In the span of an hour President Stephen Sundborg, S.J., provided a snapshot of the university's position as well as a few things to watch for in the days, months and years ahead when he held his latest Noon Forum on May 3.
He began by acknowledging the year's extraordinary moments so far, including Chemistry Professor Vicky Minderhout being named the Washington State Professor of the Year and the university receiving the President's Award, the highest recognition an institution can earn for service and community service.
Father Sundborg said the enrollment projections for next year are "looking just right." He acknowledged the 135 SU students inducted into Alpha Sigma Nu last month and said SU is "probably now the leading Jesuit university in the country in terms of the number of students who are now wanting to be part of the Jesuit honor society."
He spoke about the Major Institutional Master Plan (MIMP) for Seattle University, calling it "the framework within a major institution like ours is able to develop over the next period of 15 to 20 years." He said the plan, which has been endorsed by the City's Department of Development and the Citizens Advisory Committee as well as other citizens groups, now goes to the city's hearing examiner and eventually the City Council. Sundborg expected the process to come to a conclusion in the fall.
At the president's invitation, Jerry Huffman, vice president for Human Resources and University Services, spoke about the university's new system for staff pay, which will go into effect in fiscal year 2013. Huffman encouraged people to attend one of the upcoming open forum sessions to learn more about what "the (pay) system is going to look like going forward," and said the new system "will be much more efficient at keeping (the university) on the market rates."

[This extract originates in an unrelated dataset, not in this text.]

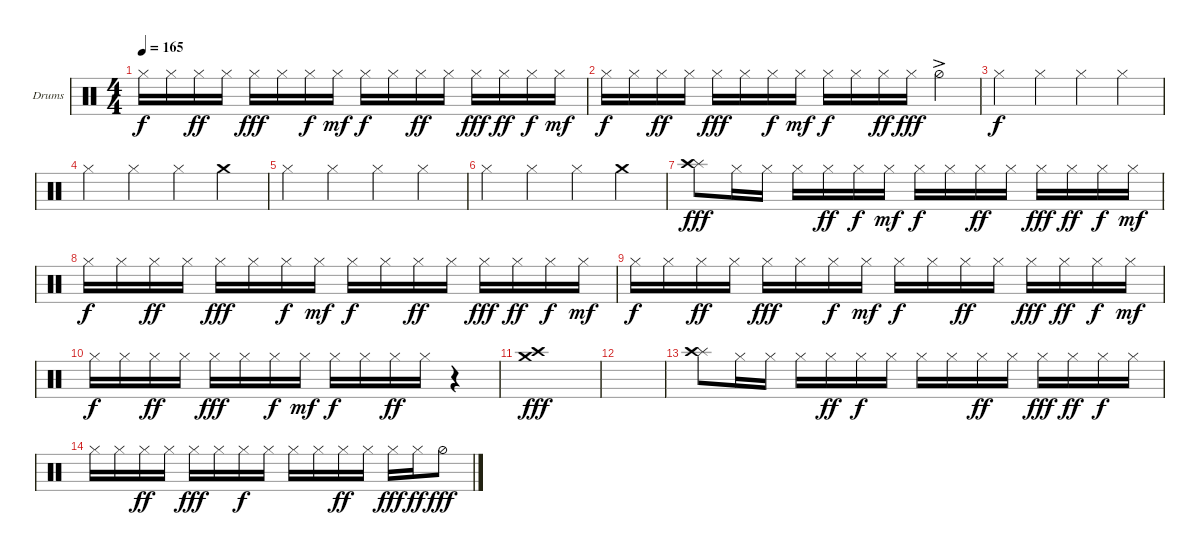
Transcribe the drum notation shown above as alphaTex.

The president also shared that the university is looking to bring more coherence to "the main lines of strategic planning at the university so we know how the whole university is moving forward in a strategic way and we know where our investments are going." The plan, grounded in the university's five strategic priorities, will provide a foundation for the next capital campaign, which Sundborg said, is expected to begin during summer 2013.
Sundborg talked of two longer-term thoughts on his mind these days: ensuring a "culture of colleagueship" among faculty and staff and "enhancing the great student experience at Seattle University."
The president acknowledged Jim Adolphson for serving as interim vice president for finance and business affairs, as well as the faculty who oversaw this year's rank and tenure process and the group taking the lead in choosing a new learning management system to succeed ANGEL. He also recognized the President's Committee for Sustainability, the faculty and staff involved in various accreditation processes, the completed Undergraduate Strategic Enrollment Plan, a price and value study now underway, the graduate learning outcomes plan that goes to the board this week and the ongoing brand project.
The president said a group of students have asked for a conversation with him and other university leaders about LGTBQ issues. He also expressed an interest in finding a way for Seattle University to be supportive of the women religious of the U.S. "The first teachers at Seattle University were not Jesuits but were sisters of the Holy Names of Jesus and Mary," he said. "They ran the very first (few) years of Seattle College and all the way through our history they've been very important. We would not have the College of Nursing and the College of Education that we have today were it not for the leadership of the women religious and sisters. (They) are a very, very important part not only of our history but of our present reality."